A flurry of
studies followed, confirming that females of some species actively sought extra-pair opportunities (e.g. Kempenaers et al., 1992) and raising the question that had so challenged Darwin about the possible benefits that females gained by choosing to copulate with a particular male. The issue was a thorny one in terms of extra-pair behaviour because the only benefits that females can gain are genetic, because (assuming extra-pair males provide no parental care – and typically they do not), the only thing they obtained from males was semen. The situation Selleck CHIR99021 was very similar to that among the females of lekking species, where the only benefits of mate choice were indirect (genetic). Accordingly, this became known as the paradox of the lek (Kirkpatrick & Ryan, 1991).

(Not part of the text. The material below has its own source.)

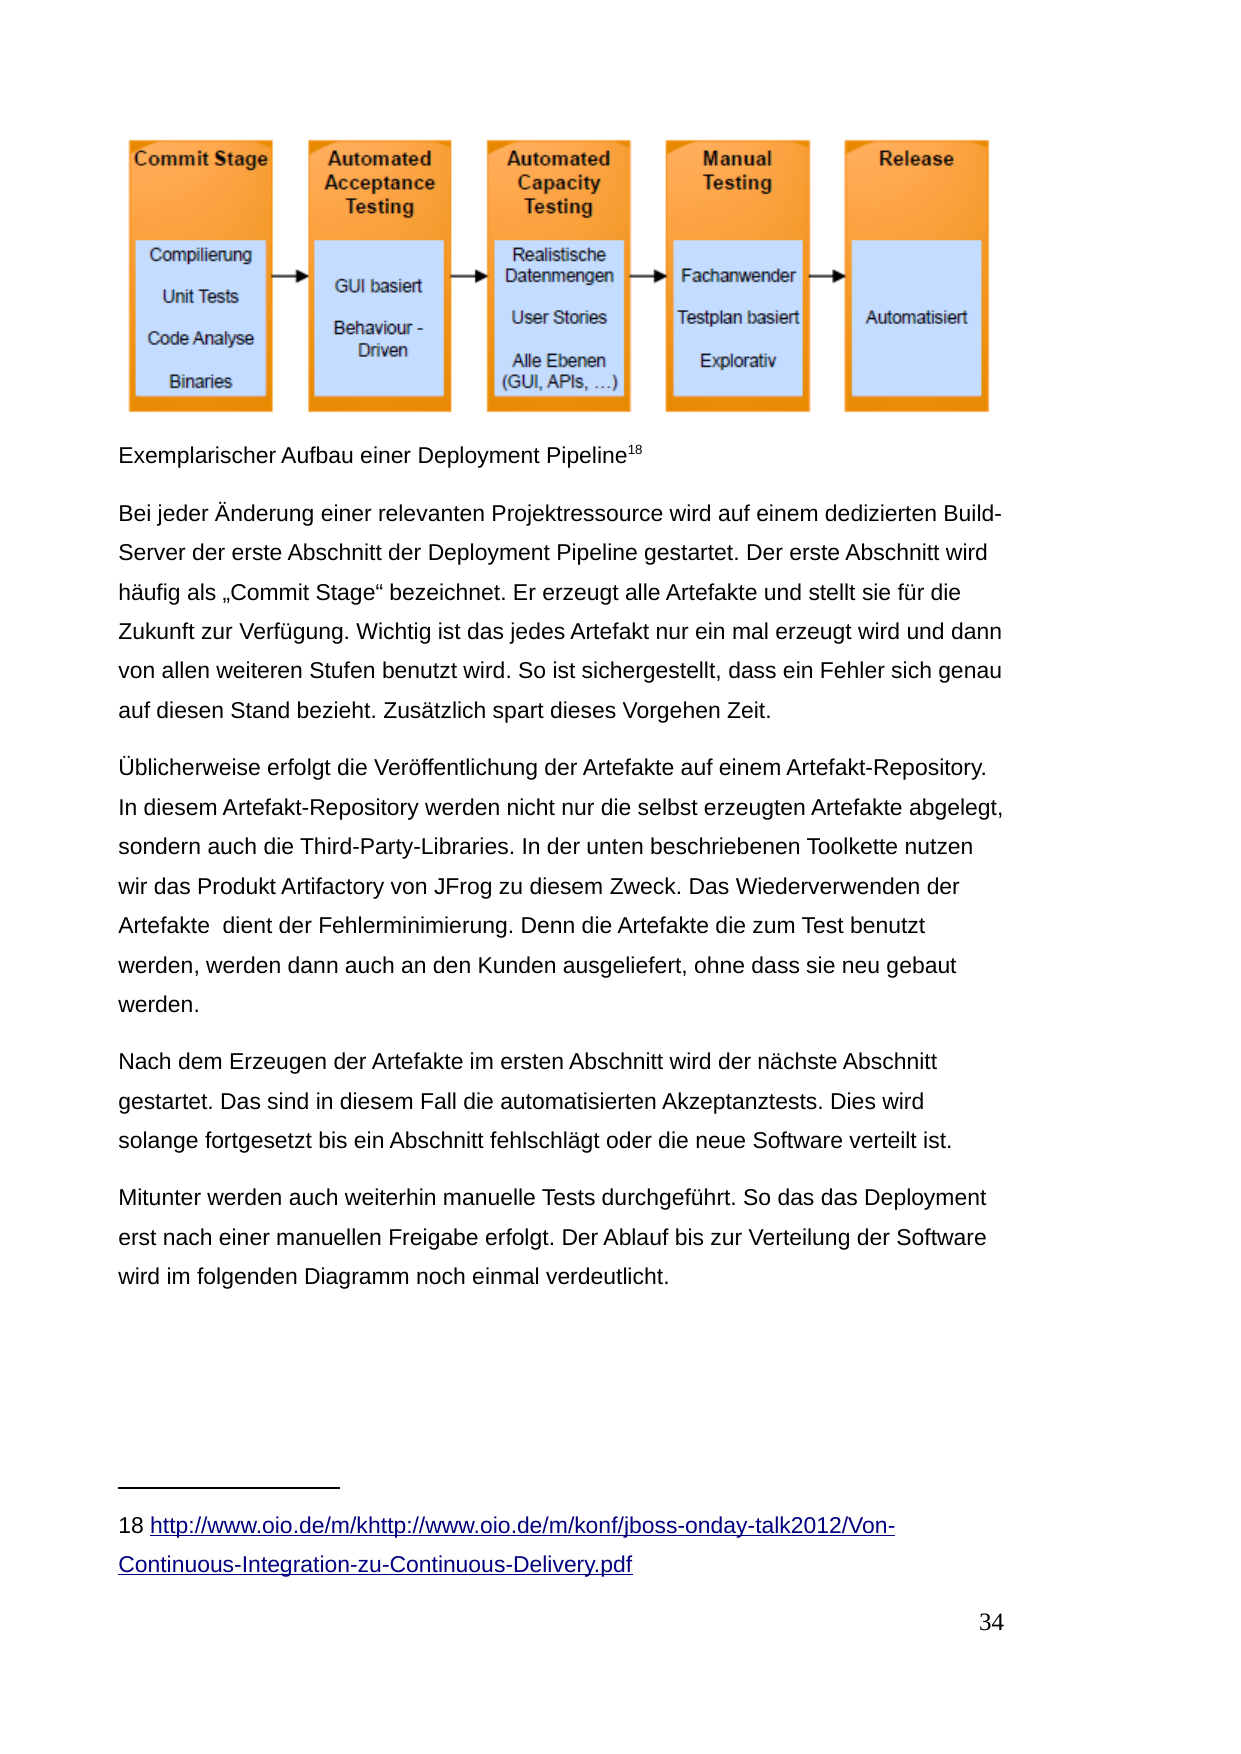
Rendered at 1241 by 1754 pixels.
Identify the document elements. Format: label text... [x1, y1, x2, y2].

In fact, there was one direct benefit females could gain by copulating with more than one male – insurance against a partner being infertile. The idea among researchers that infertility might drive infidelity in non-humans is undoubtedly RO4929097 manufacturer coloured by the situation in humans, where women are known to seek extra-pair partners if they are having trouble conceiving (Jequier, 1985). In birds at least, true infertility, that is, males having inadequate sperm supplies to fertilize a females’ eggs, seems to be extremely rare (Birkhead et al., 2008). Cases where we might expect temporary infertility as a result of sperm depletion, as in the case of polygynous species with particularly large harems (e.g. Gray, 1996), 4-Aminobutyrate aminotransferase still need to be critically examined. The lek paradox revolves around the maintenance of additive genetic variation in traits subject to strong, directional sexual selection (Fisher, 1930; Kirkpatrick & Ryan, 1991). If females prefer males with particular traits why have these traits not gone to fixation? Several solutions have been suggested, including fluctuating selection, such as that which would occur through
host–parasite co-evolution (Hamilton & Zuk, 1982), and ‘genic capture’ (Houle, 1992; Rowe & Houle, 1996), which is based on the idea of mutation–selection balance, where male quality of condition is determined by so many alleles that mutations occur as quickly as selection removes them. Testing these ideas has been problematic, for many reasons, but particularly because it has proved difficult to define and measure male quality. It has also been suggested that the idea of females initiating extra-pair copulations in birds may have been overplayed (Westneat and Stewart, 2003). With no consensus over possible female benefits to promiscuity, it is possible (see Griffith, 2007) that for many birds, extra-pair copulation carries relatively little benefit, but also little cost, especially in those species where the incidence of extra-pair paternity is relatively low.